::: Material shown :::

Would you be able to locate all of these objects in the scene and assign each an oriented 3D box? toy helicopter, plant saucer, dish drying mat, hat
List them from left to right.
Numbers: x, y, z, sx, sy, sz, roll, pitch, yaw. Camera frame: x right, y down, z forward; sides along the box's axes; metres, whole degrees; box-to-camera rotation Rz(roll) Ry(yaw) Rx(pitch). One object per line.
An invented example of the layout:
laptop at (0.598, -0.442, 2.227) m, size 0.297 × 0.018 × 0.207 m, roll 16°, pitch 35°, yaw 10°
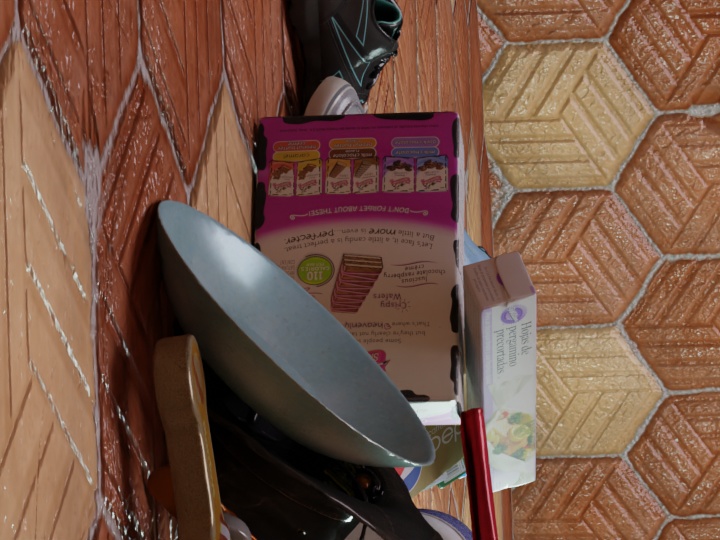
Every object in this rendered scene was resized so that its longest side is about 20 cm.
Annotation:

:::

§ **Exercise requirements**
Give back exactly the lines from the line with "An invented example" through the end of the material above, and omit every picture.

§ **Answer box**
An invented example of the layout:
laptop at (0.598, -0.442, 2.227) m, size 0.297 × 0.018 × 0.207 m, roll 16°, pitch 35°, yaw 10°
Every object in this rendered scene was resized so that its longest side is about 20 cm.
Annotation:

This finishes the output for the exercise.